CHARLESTON – West Virginia is certainly making progress on several fronts, but some in the state are determined to sabotage our potential for progress by trying to outlaw or restrict one of our most successful economic development tools.
In Jefferson County, where debates between pro-growth and anti-growth residents have become commonplace, a minority group of both residents and non-residents have challenged a Payment In Lieu of Taxes, or PILOT, agreement between the county and a private business that will be investing over $100 million and creating 140-150 good-paying jobs with benefits.
This lawsuit may focus on one project, but it has the potential to disrupt economic development work all over West Virginia.
By way of background, PILOT agreements have been a critical tool in helping West Virginia communities attract major investment for years.
PILOT agreements allow local governments to leverage future tax revenues to secure typically long-term, major developments. Essentially, businesses involved in PILOT agreements make an up-front payment to the County Commission and the county board of education and are relieved of some or all of the property taxes on new development over several years. In return, the new business is expected to bring new jobs or economic activity to offset the loss in future tax revenue.
In Berkeley County, for example, a PILOT agreement was approved in July for a $7.3-million building redevelopment project in downtown Martinsburg. And in 2017, Berkeley County approved a PILOT agreement for the Proctor & Gamble plant being constructed south of Martinsburg. P&G has said it is investing about $800 million and will employ over 700 people at the new plant.
The PILOT program was implemented in the 1990s and has since helped spur developments all over the state. Proponents of the current legal challenge believe that Jefferson County PILOT agreements are separate from existing or potential PILOT agreements in the state’s 54 other counties.
This is simply not the case. How might Berkeley County residents feel if their neighbors in Jefferson County successfully litigate PILOT agreements out of existence?
The West Virginia Development Office and county economic development authorities have few tools available to help them attract business investment. Despite recent improvements in our state’s economy, West Virginia is still recovering from an economic downturn and can’t offer cash incentives or other carrots to lure major investment. These incentives have become commonplace in surrounding states.

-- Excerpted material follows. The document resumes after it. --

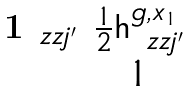<formula> <loc_0><loc_0><loc_500><loc_500>\begin{matrix} \mathbf 1 _ { \ z z j ^ { \prime } } & \frac { 1 } { 2 } { \mathsf h } _ { \ z z j ^ { \prime } } ^ { g , x _ { 1 } } \\ & 1 \end{matrix}</formula> 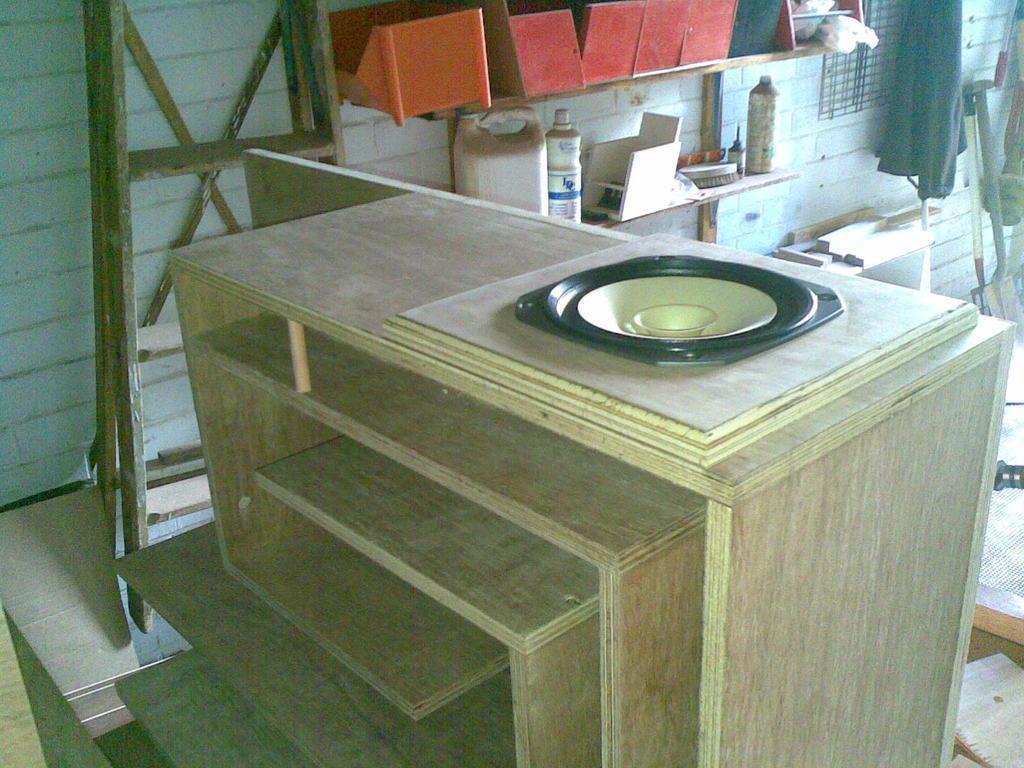Could you give a brief overview of what you see in this image? In this picture there is a wooden rack in the center of the image and there are boxes, bottles and a ladder in the background area of the image, there is a spade in the image.

We also have some business taxes that are anti-competitive, such as our property tax on inventory, machinery and equipment — a tax that must be repealed, albeit in a responsible way. It is regressive and puts West Virginia out of step with the rest of the country. Absent that repeal, PILOT agreements are a tool that West Virginia must keep.
Even with other incentives, other states use PILOT agreements to lure big investment just like West Virginia does. Amazon announced its new split headquarters will be built in New York and Virginia. Part of the New York deal involves a PILOT agreement with Long Island City, N.Y.
Taking PILOT agreements away from West Virginia would remove one of the few tools we have to compete with other states that can offer so much more to attract investment.
When false narratives don’t work, we understand that groups opposed to development in their own back yard often turn to the court system for relief. Unfortunately, the actions of a few to oppose development in a small area can have far-reaching negative consequences for the entire state.
The Jefferson Circuit Court should recognize long standing laws and court decisions in favor of PILOT agreements and dismisses this lawsuit.